Rasûlullah (s.a.v.)’den işittim. Allah’ın şöyle buyurduğunu bize bildirdi:
“Allah benim, Rahman da benim, akrabalığı da ben yarattım. İsmimden ona isim
verdim. Her kim akrabalık bağlarını kesmeyip devam ettirirse ben de onunla
ilgimi kesmem. Her kimde akrabalık bağlarını koparıp ilgiyi keserse ben de
onunla ilgimi keserim.”
Tuhvetül-ahvez’in müellifi bu hadisle ilgili derki: Allah’ın akrabalığa
kendinden bir isim vermesinde, isim ile mananın ilişkisine yönelik bir ima
vardır. İsimlerin işaret ettiği manalar Allah’ın rahmetinin eserini taşımalır.
İLGİLİ
RİVAYETLER
Hz. Ebu
Hureyre’nin nakline göre peygamberimiz (sav) şöyle buyurmuştur:
“Yüce Allah
yaratacağı mahlûkların ne hâl üzere bulunacaklarını takdir edip de onlara âit
kazayı tamamladığı zaman, rahim yâni hısımlık:
— (Yâ Rabb!)
Burası akrabalık münâsebetlerini kesmekten Sana sığınanların makamıdır, dedi.
Allah:
— Evet öyledir.
Sen, seninle bağlılığını muhafaza edenlere benim iyiliği ekleyip durmama;
senden ilgiyi kesenlerden benim de ihsanı kesmeme razı olmaz mısın? buyurdu.
Hısımlık:
— Evet razı
olurum, diye cevâb verdi. Yüce Allah:
— Bu hüküm sana
mahsûstur, buyurdu."[2]
“Rahim
(akrabalık), Allah'ın rahmetinin eserlerindendir. Kim bu bağı korursa, Allah
ona merhamet eder. Kim onu koparırsa, Allah da ondan ihsan ve rahmetini
keser."[3]
“Rahim Arş'a
asılıdır. Beni gözeteni, Allah gözetsin! Beni gözetmeyi keseni Allah da
gözetmesin! der.”[4]
“Rahm Rahman’dan
alınmıştır. (Bu rahm yakınlığı) sık ağaçların birbirine sarılmış kökleri
gibidir. Allah Taâlâ buyurdu ki: Ey rahm karabeti! Her kim sana bağlı bulunur
durursa, ben de ona rahmetimi ekler dururum, kim de seninle münâsebetini
keserse, ben de ona rahmetimi keserim!"[5]
ABDURRAHMAN BİN
AVF
Abdurrahman bin
Avf (r.a.) 581 yılında Mekke’de doğmuştur. Kureyş kabilesinin Zühreoğulları
kolundandır. Babasının adı Avf, validesinin Şifa’dır.
Cahiliye
devrinde asıl adı Abdulkâ’be veya başka bir görüşe göre Abdu Amr idi. Son
derece temiz bir adam olan Abdurrahman bin Avf (ra) Hz. Ebu Bekir’in daveti üzerine
hak yola girmiştir. Hz. Muhammed (sav) İslam’a girdikten sonra kendisine
Abdurrahman adını koymuştur.
Risale-i Nur’da,
bahtiyar kadınlardan birisi olan Abdurrahman (ra)’ın annesinin, Peygamber
Efendimizin (sav) doğduğu gece cereyan eden hadiselere şahit olduğundan söz
edilmektedir. Hz. Âmine (ra) ve onun yanında bulunan Osman ibn As ile
Abdurrahman’ın anneleri gördükleri azim bir nurdan sonra üçü birden; “Veladeti
anında biz öyle bir nur gördük ki, o nur maşrık ve mağribi bize aydınlattırdı”

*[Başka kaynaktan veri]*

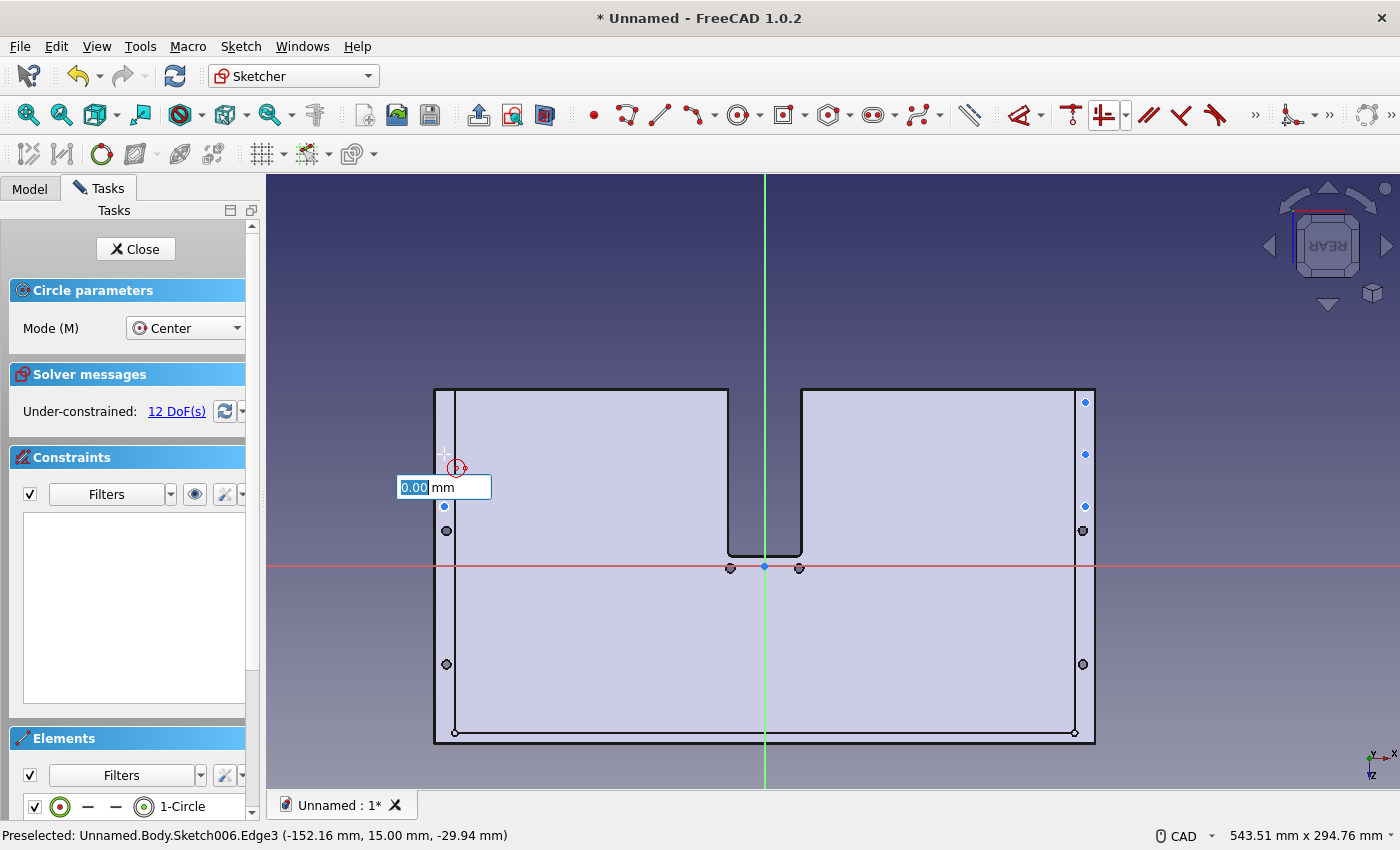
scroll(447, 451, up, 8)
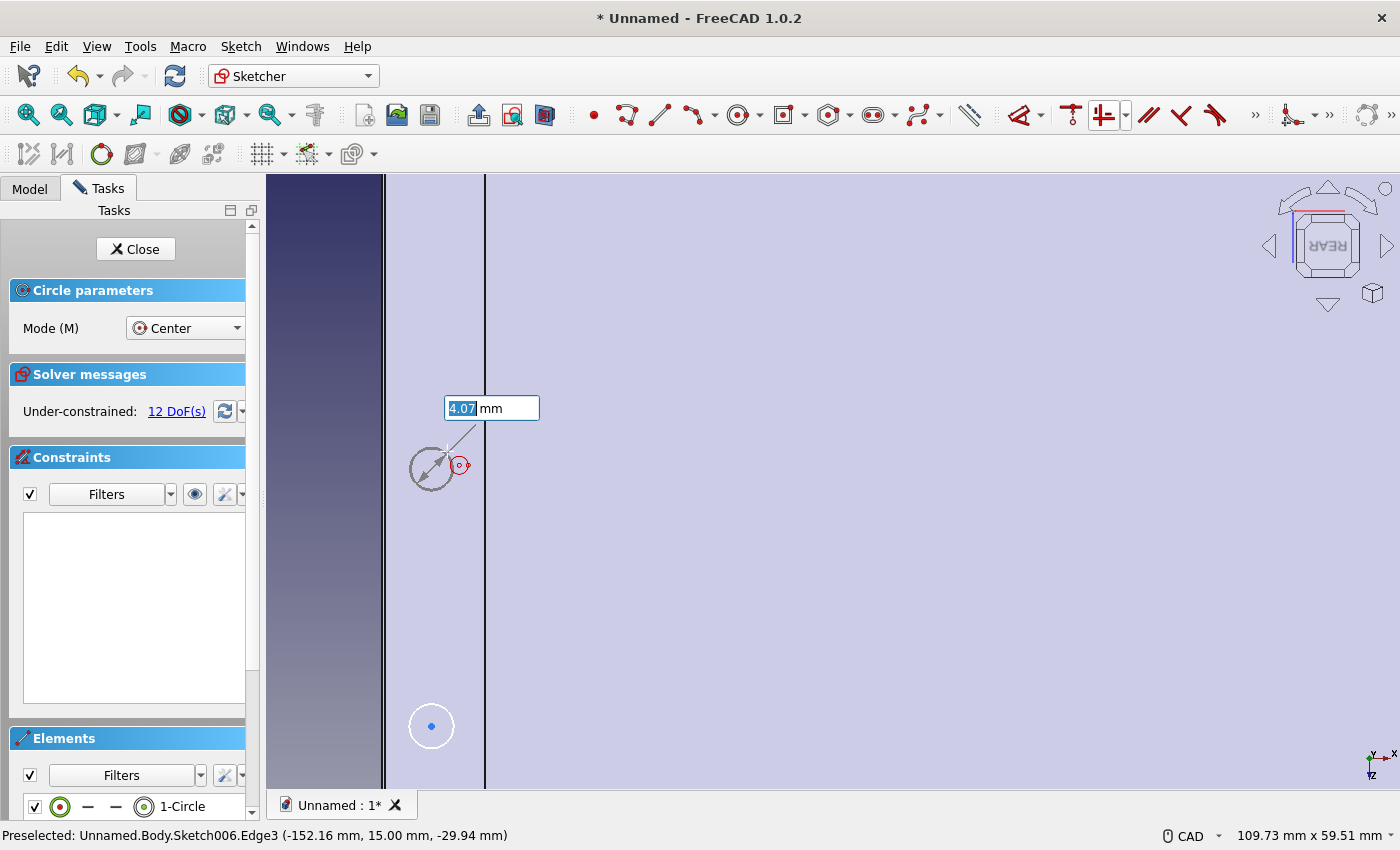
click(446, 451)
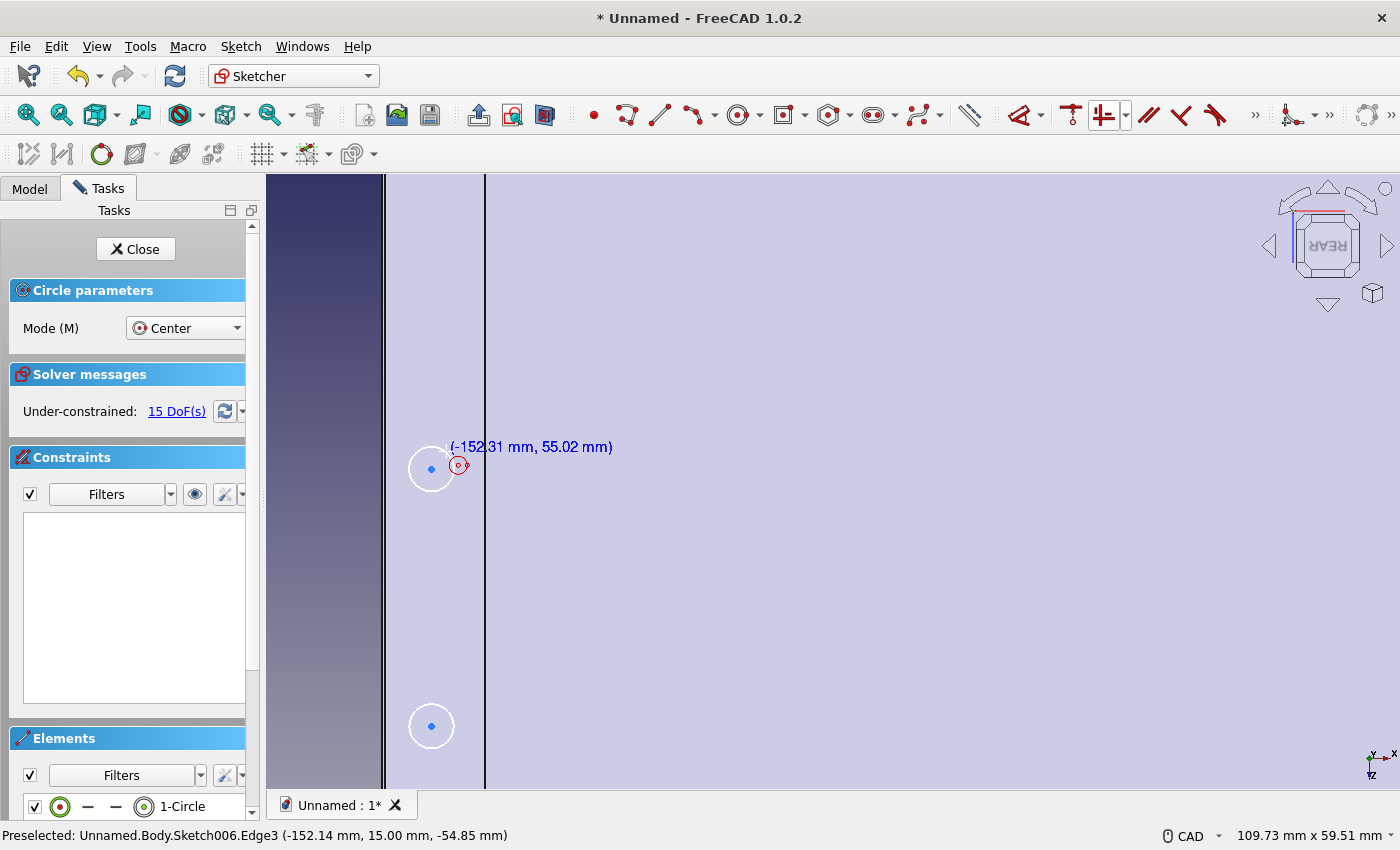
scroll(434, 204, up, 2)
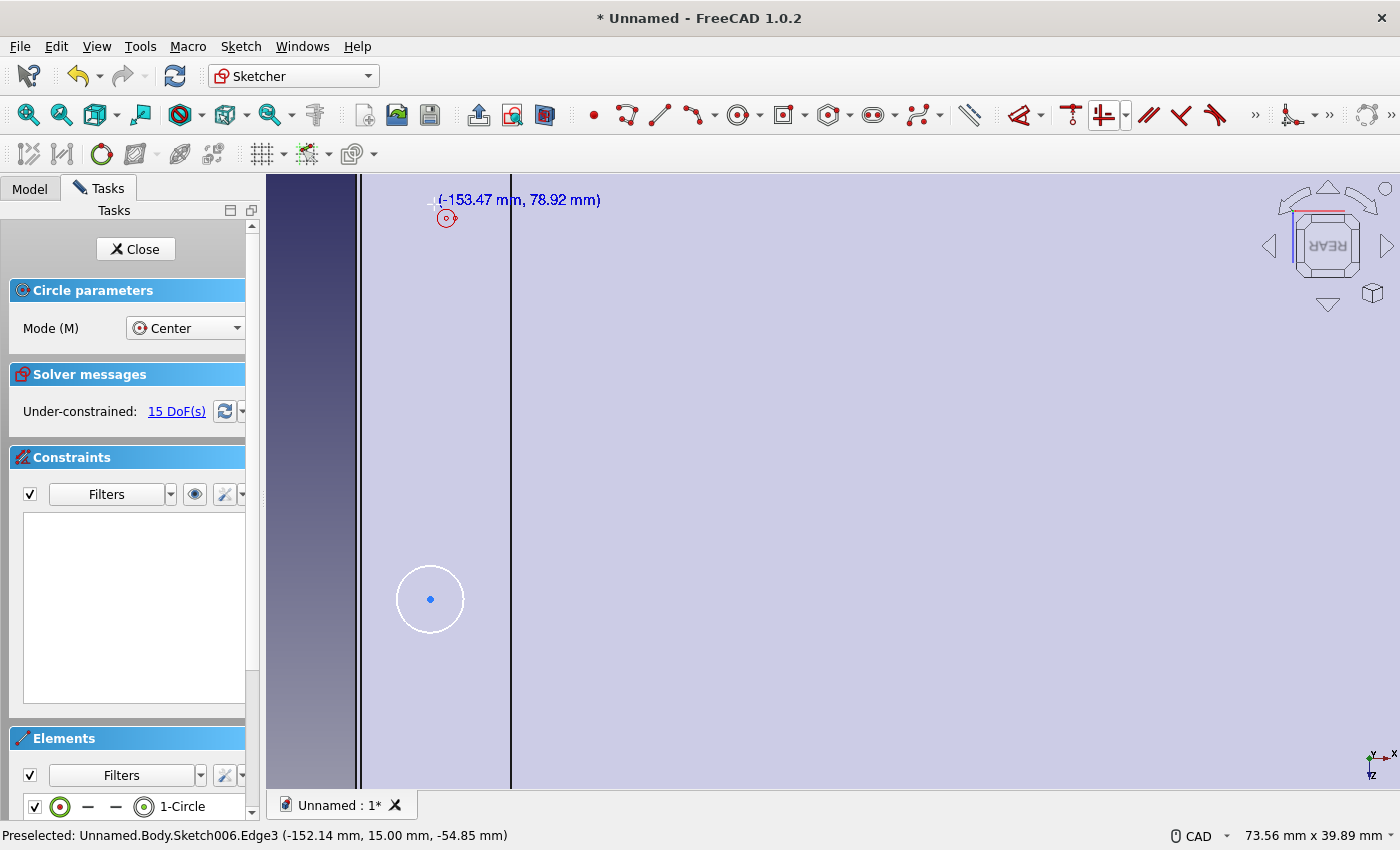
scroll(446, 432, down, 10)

şeklinde müşahedelerini dile getirmişlerdir.
Abdurrahman bin
Avf aşere-i mübeşşeredendir. Cahiliyye döneminde içki içmeyen günaha bulaşmamış
kimselerdendir. Kendisi çoğunlukla ticaretle uğraşmış ve Allah’ın izniyle de bu
yolda çok başarılı olmuştur. Götürdüğü getirdiği kervanlar büyük ilgi görürdü.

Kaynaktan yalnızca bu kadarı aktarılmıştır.